=== Records from a data collection ===
* * * *
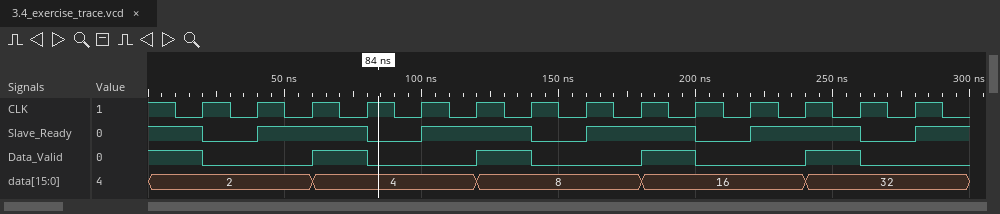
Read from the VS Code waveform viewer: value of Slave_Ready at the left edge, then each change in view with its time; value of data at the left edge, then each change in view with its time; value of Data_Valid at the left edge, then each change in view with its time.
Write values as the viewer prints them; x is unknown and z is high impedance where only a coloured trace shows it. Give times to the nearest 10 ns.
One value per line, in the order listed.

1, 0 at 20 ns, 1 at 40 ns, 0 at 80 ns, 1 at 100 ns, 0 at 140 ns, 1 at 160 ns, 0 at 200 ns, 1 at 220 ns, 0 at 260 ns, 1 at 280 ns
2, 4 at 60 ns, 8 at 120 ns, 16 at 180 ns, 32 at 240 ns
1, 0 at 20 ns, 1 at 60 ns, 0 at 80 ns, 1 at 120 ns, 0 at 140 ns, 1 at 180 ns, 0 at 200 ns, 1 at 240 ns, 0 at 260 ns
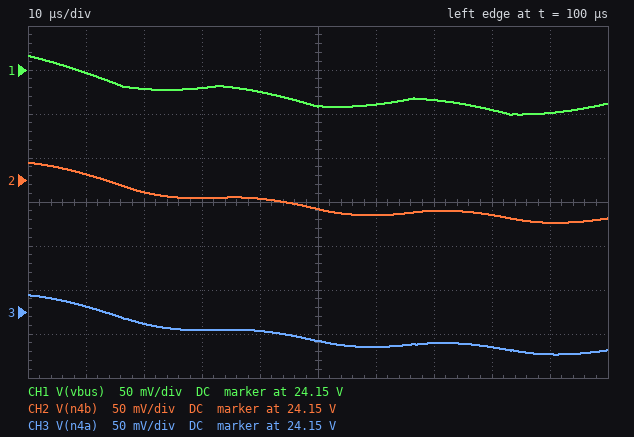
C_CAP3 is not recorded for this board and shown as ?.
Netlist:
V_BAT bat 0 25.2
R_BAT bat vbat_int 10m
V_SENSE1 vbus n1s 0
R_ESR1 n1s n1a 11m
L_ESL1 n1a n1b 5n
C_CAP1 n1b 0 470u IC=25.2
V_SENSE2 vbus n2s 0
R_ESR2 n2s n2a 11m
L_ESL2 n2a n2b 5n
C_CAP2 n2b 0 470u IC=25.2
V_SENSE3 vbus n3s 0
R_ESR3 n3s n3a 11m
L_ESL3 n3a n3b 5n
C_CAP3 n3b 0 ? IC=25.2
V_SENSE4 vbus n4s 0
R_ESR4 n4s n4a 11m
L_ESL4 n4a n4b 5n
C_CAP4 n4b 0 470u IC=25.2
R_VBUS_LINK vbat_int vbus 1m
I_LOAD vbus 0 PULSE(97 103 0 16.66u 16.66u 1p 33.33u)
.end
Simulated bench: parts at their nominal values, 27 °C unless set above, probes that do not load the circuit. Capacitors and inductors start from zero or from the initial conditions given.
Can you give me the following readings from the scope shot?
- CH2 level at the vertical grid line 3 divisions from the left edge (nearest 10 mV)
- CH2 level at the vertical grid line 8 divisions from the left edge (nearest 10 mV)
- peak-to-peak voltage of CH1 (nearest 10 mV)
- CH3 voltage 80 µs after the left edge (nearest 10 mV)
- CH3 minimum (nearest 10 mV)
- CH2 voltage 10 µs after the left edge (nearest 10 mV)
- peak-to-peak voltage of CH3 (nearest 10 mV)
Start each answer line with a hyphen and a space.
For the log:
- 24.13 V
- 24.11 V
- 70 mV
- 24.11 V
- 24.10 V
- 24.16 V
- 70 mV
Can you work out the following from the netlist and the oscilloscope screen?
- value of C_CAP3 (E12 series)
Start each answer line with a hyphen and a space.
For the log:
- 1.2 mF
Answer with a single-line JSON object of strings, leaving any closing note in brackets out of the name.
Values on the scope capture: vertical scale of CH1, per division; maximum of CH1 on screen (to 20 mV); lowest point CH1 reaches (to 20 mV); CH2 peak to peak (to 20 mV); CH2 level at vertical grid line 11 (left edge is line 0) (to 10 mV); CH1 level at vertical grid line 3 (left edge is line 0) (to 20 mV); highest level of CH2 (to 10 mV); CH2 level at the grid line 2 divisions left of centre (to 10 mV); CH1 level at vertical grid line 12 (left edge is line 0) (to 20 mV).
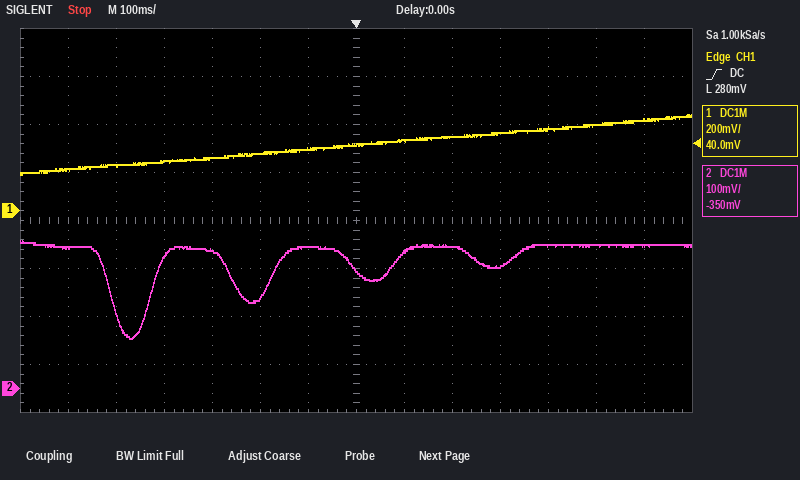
* * * *
=== PROBLEM REQUIREMENTS ===
Look above for the line with "L_ESL2 n2a n2b 5n" and the line with "- CH3 minimum (nearest 10 mV)". Write out those two lines and all the lines between them, exactly, and no others.

=== EXPECTED ANSWER ===
L_ESL2 n2a n2b 5n
C_CAP2 n2b 0 470u IC=25.2
V_SENSE3 vbus n3s 0
R_ESR3 n3s n3a 11m
L_ESL3 n3a n3b 5n
C_CAP3 n3b 0 ? IC=25.2
V_SENSE4 vbus n4s 0
R_ESR4 n4s n4a 11m
L_ESL4 n4a n4b 5n
C_CAP4 n4b 0 470u IC=25.2
R_VBUS_LINK vbat_int vbus 1m
I_LOAD vbus 0 PULSE(97 103 0 16.66u 16.66u 1p 33.33u)
.end
Simulated bench: parts at their nominal values, 27 °C unless set above, probes that do not load the circuit. Capacitors and inductors start from zero or from the initial conditions given.
Can you give me the following readings from the scope shot?
- CH2 level at the vertical grid line 3 divisions from the left edge (nearest 10 mV)
- CH2 level at the vertical grid line 8 divisions from the left edge (nearest 10 mV)
- peak-to-peak voltage of CH1 (nearest 10 mV)
- CH3 voltage 80 µs after the left edge (nearest 10 mV)
- CH3 minimum (nearest 10 mV)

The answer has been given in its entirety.